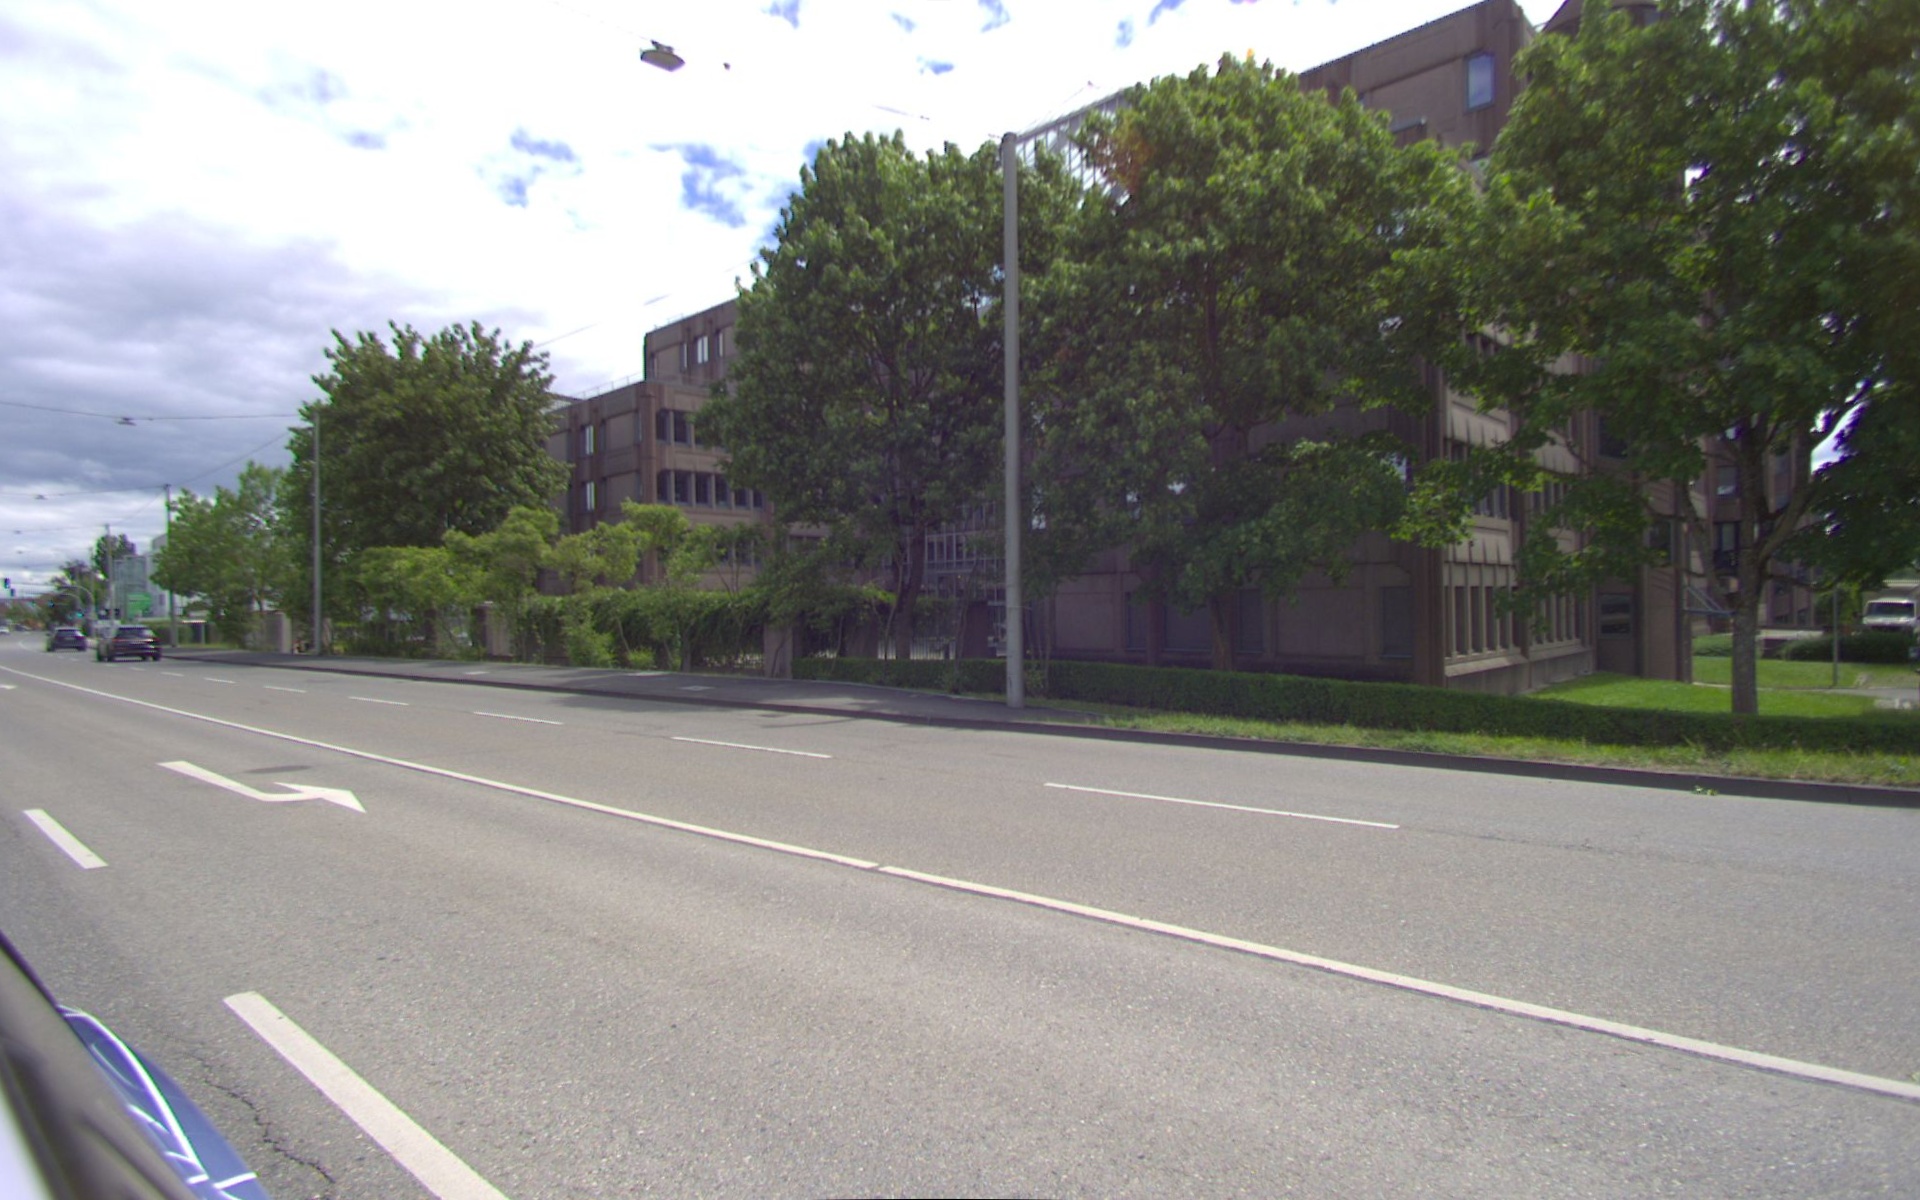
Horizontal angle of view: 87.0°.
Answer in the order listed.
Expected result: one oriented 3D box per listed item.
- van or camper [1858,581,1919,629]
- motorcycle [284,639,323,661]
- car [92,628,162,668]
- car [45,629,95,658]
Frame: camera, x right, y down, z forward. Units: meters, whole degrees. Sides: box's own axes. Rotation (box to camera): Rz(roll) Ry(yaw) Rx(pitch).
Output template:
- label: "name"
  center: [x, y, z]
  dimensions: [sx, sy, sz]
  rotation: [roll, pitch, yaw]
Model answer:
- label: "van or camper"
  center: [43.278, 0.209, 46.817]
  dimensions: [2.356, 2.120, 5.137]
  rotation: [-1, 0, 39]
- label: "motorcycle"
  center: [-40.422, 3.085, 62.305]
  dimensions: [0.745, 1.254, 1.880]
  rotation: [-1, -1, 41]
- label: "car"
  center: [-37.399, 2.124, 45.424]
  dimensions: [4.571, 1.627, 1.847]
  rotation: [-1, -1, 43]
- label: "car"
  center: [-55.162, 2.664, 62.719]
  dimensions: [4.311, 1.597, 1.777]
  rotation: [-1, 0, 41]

------------------------------------------------------------------------

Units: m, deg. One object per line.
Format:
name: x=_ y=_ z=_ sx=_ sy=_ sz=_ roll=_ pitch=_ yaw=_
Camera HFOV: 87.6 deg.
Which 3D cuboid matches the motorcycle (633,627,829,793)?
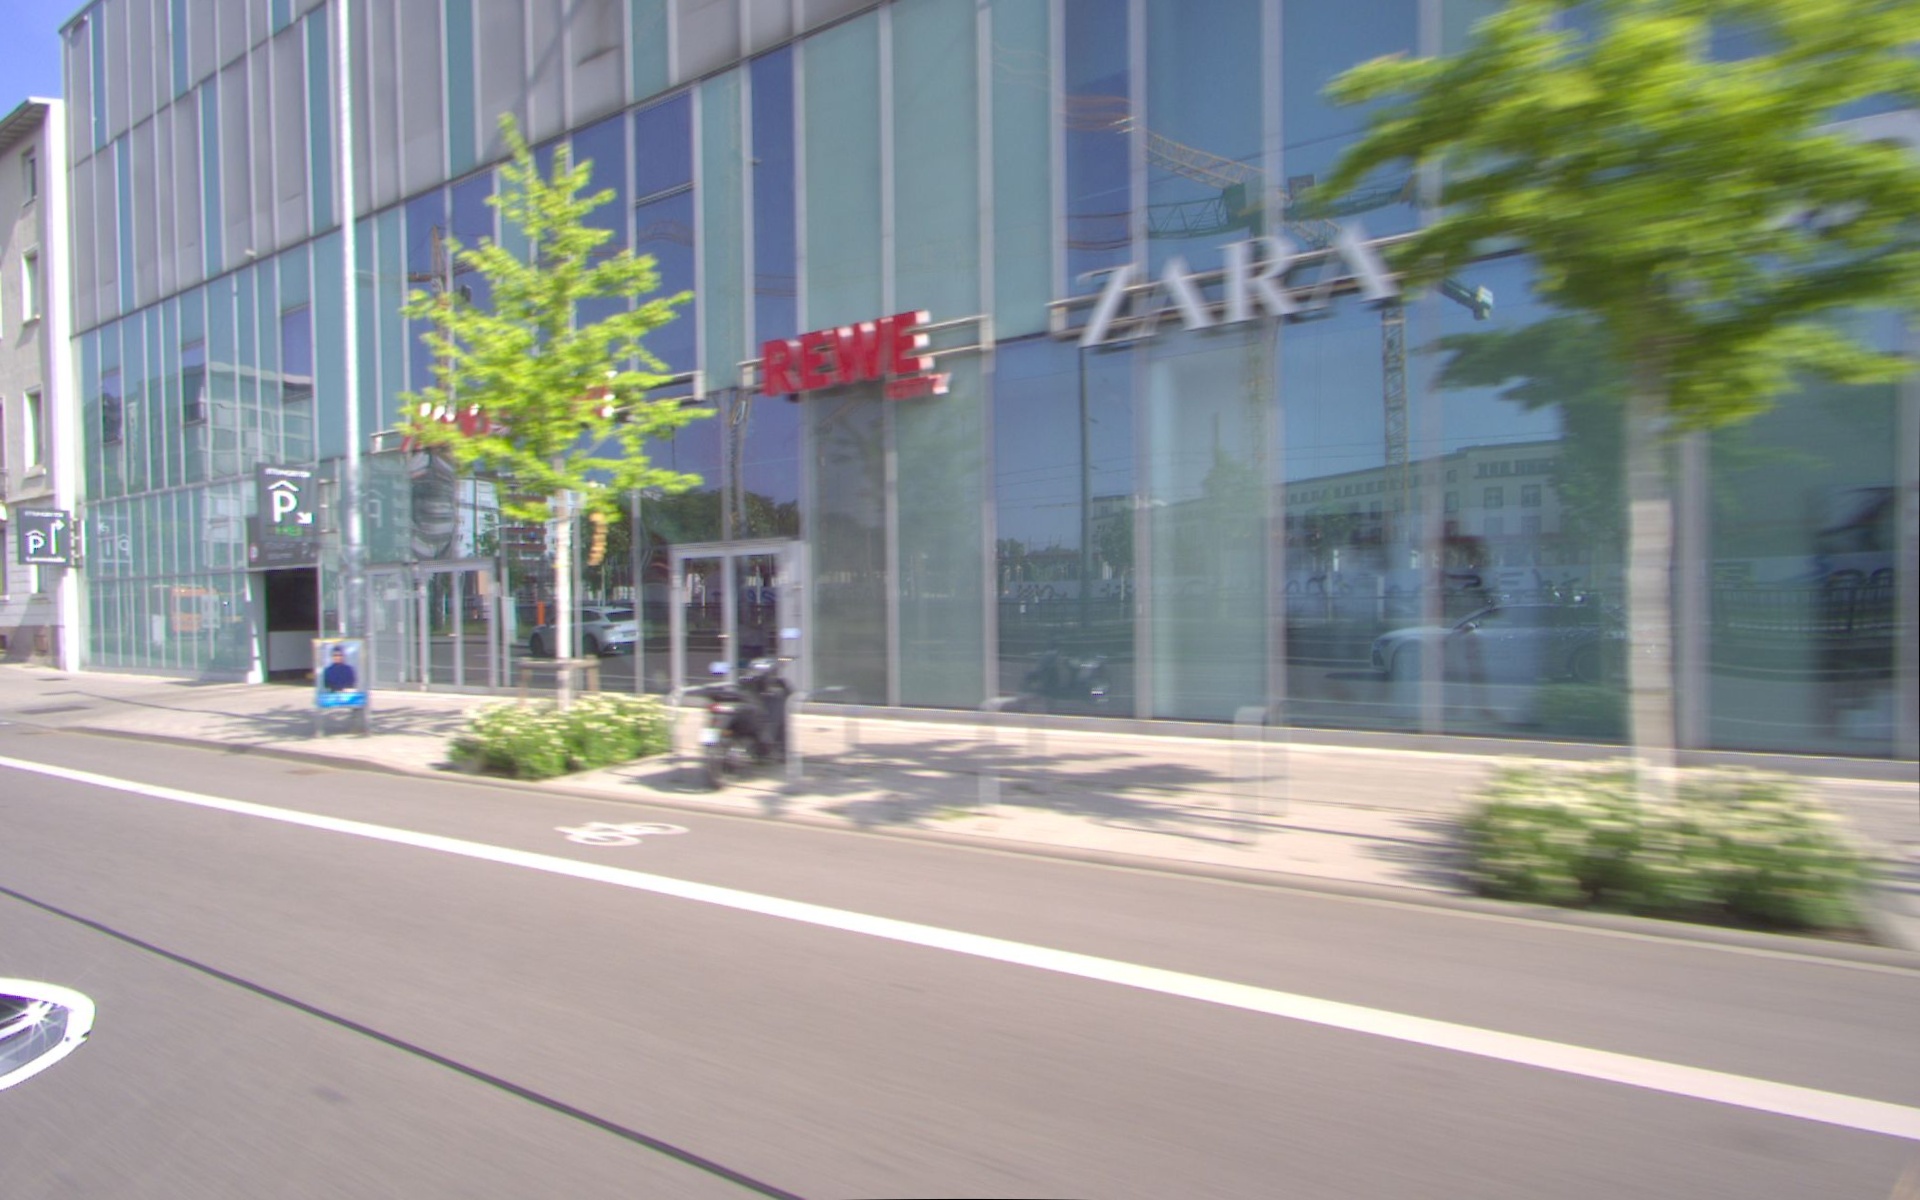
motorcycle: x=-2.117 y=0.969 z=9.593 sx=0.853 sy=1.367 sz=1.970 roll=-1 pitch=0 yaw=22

------------------------------------------------------------------------

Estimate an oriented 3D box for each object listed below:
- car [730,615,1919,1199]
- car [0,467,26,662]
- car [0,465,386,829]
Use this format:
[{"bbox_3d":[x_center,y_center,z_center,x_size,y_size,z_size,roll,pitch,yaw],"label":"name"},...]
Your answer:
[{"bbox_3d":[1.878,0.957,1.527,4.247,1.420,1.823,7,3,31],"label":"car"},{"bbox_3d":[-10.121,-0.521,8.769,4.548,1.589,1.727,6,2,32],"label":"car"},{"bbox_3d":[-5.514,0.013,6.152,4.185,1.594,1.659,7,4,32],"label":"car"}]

------------------------------------------------------------------------

▸ TASK OBJECTIVE
Could you report every line of the material that contains the string "Units"?

▸ PROBLEM SOLUTION
Frame: camera, x right, y down, z forward. Units: meters, whole degrees. Sides: box's own axes. Rotation (box to camera): Rz(roll) Ry(yaw) Rx(pitch).
Units: m, deg. One object per line.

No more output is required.